Kampong Thom ambok gets trademark

Communities in western Kampong Thom’s Sankoa commune at the heart of a centuries-old tradition of cooking and preparing rice flakes that are characteristically eaten during the Kingdom’s annual water festival are set to enjoy a shared sense of a dedication to their craft as the Ministry of Commerce designates their product as a “collective trademark”.

The flakes are cooked rice that is fried dry and pounded by mortar and pestle. The ministry has labelled the rice flakes made in Sankoa – located in the western reaches of Kampong Svay district – as “Ambok Kampong Thom”.

And Suon Vichea, director of the ministry’s Department of Intellectual Property Rights, defines collective trademarks as signs that distinguish products by geographical origin, industry, quality or other common characteristics.

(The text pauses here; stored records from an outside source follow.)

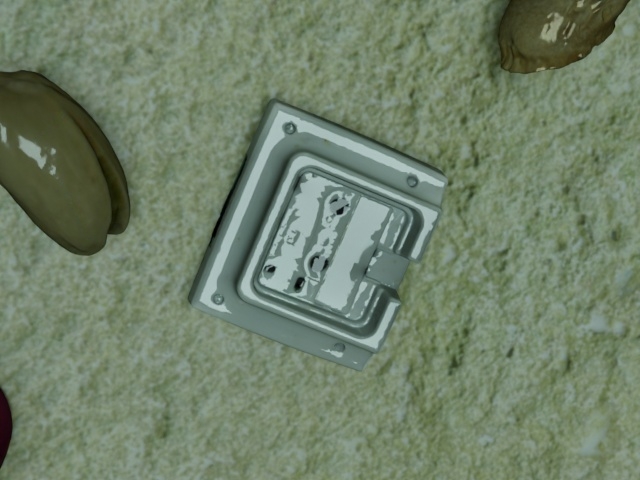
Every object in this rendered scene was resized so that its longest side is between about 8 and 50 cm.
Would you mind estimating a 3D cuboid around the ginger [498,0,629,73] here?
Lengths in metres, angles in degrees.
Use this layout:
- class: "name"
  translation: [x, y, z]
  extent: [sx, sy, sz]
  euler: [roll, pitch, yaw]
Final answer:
- class: "ginger"
  translation: [0.321, -0.330, 1.066]
  extent: [0.190, 0.126, 0.354]
  euler: [33, 92, -35]

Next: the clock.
- class: "clock"
  translation: [0.000, 0.000, 1.087]
  extent: [0.231, 0.116, 0.262]
  euler: [22, 96, -13]

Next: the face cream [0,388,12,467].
- class: "face cream"
  translation: [-0.436, 0.234, 1.018]
  extent: [0.175, 0.195, 0.175]
  euler: [-2, 102, -8]

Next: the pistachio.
- class: "pistachio"
  translation: [-0.292, -0.085, 1.021]
  extent: [0.136, 0.136, 0.226]
  euler: [-32, 112, -2]
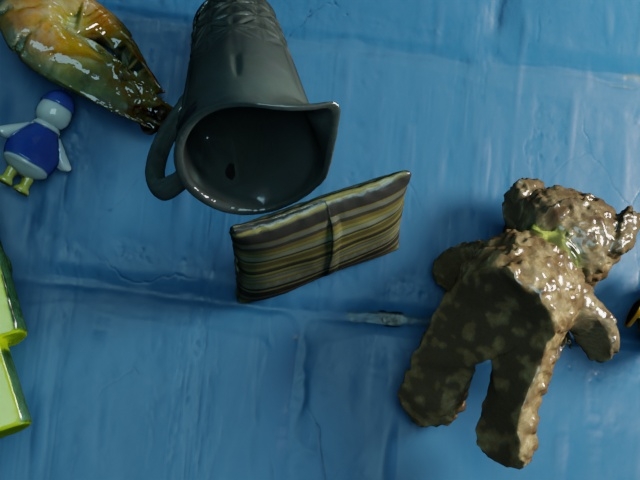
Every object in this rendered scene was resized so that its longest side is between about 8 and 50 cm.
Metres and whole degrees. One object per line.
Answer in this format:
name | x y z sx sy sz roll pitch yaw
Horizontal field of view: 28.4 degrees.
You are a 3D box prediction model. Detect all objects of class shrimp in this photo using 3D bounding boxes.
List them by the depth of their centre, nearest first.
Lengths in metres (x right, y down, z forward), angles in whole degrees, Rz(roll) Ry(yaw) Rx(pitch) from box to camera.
shrimp | -0.262 -0.215 1.509 0.267 0.061 0.145 36 45 -2

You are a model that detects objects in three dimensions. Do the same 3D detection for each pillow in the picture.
pillow | 0.000 0.000 1.430 0.208 0.212 0.052 -18 67 -8

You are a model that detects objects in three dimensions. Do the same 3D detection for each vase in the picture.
vase | -0.097 -0.162 1.422 0.251 0.300 0.156 -32 126 18

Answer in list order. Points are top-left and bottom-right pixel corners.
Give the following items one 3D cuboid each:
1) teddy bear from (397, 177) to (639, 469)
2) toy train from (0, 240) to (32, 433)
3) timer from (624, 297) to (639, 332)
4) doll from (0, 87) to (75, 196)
teddy bear | 0.234 0.086 1.482 0.246 0.222 0.296 24 111 28
toy train | -0.474 0.068 1.392 0.272 0.179 0.442 -17 82 -17
timer | 0.433 0.085 1.514 0.109 0.107 0.107 26 78 3
doll | -0.330 -0.123 1.493 0.099 0.058 0.143 30 77 -22
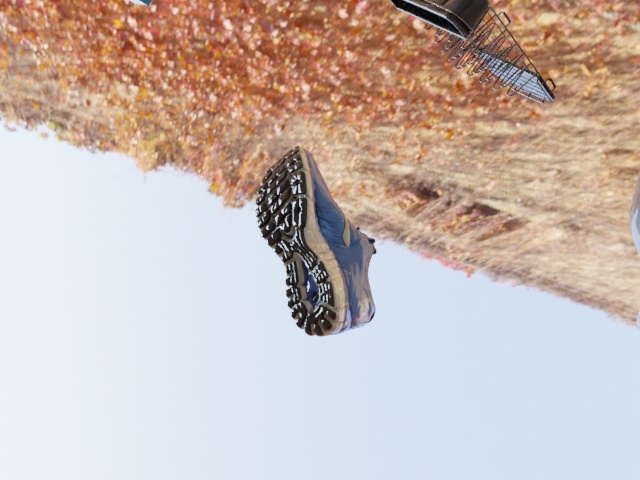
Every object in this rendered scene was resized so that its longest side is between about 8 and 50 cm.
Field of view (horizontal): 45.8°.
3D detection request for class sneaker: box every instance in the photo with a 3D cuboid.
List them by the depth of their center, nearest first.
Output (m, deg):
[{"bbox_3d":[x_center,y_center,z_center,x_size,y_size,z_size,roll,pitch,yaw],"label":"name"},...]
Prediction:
[{"bbox_3d":[0.000,0.000,1.212,0.147,0.130,0.330,8,-122,-45],"label":"sneaker"}]

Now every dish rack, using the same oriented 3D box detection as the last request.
[{"bbox_3d":[0.245,-0.303,1.185,0.074,0.208,0.271,-47,-53,6],"label":"dish rack"}]

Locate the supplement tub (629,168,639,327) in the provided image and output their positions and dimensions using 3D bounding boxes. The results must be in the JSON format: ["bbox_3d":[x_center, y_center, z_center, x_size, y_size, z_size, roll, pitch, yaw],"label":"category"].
[{"bbox_3d":[0.306,-0.080,0.456,0.194,0.193,0.316,12,-88,-14],"label":"supplement tub"}]

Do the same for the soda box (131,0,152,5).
[{"bbox_3d":[-0.382,-0.500,1.327,0.210,0.067,0.071,28,-90,-39],"label":"soda box"}]

They are registered under an owner, he told The Post, usually an organisation composed of businesses, merchants and professionals from the same industry or geographical region that pools resources, shares information and provides other benefits for its members.

According to ministry secretary of state Ouk Prachea, the designation is expected to improve preservation of the region’s time-honoured Khmer heritage of ambok-making, draw tourists, create jobs and champion the economic development of the local population.

He was speaking at the General Assembly of the Kampong Thom Ambok Producers on February 16.

Prachea said the designation would bring together skilled ambok producers and spur training and knowledge-sharing programmes, creativity, as well as the development of novel formulas and methods for future generations.

“I would like to encourage the ‘Ambok Kampong Thom’ producers and relevant authorities to work together and carry out the project to a successful completion with a ‘One Village, One Product’ approach.

“This will be beneficial to rural development and trim down poverty and migration, which will contribute to the development of the national economy and bring it to another level,” he said.

Kampong Thom Provincial Administration spokesman Yov Sengkun noted that the collective trademark registration was a first for the province.

He said the trademark will encourage locals to ramp up production and quality to meet demand and enhance the label’s reputation.

“With the ‘Ambok Kampong Thom’ collective trademark in tow, the market will become all the more solid and help producers earn more money,” he said.

According to Sengkun, authorities are now eyeing cashew nuts as a potential collective trademark to register under the province.

Earlier this year, the ministry unveiled plans to register four other products as collective trademarks.

These are “Nom Banh Chok Siem Reap” (a local variety of rice noodle), the silver-copper sculpting typical of Kampong Luong and Koh Chin communes in Kandal province’s Ponhea Leu district, Kampong Chhnang province-style pottery, as well as steamed balut from Sre Ronong commune in Takeo province’s Tram Kak district.

The ministry also intends to domestically register three products as geographical indication (GI) – “Kampot Salt”, “Fleur de Sel” (flower of salt) and “Mondulkiri Wild Honey”.

“Fleur de Sel” is a type of salt mainly associated with the northern coast France that forms as a delicate, flaky crust on the surface of seawater, while “Mondulkiri Wild Honey” is produced in the northeastern province’s forested areas from the Apis dorsata bee.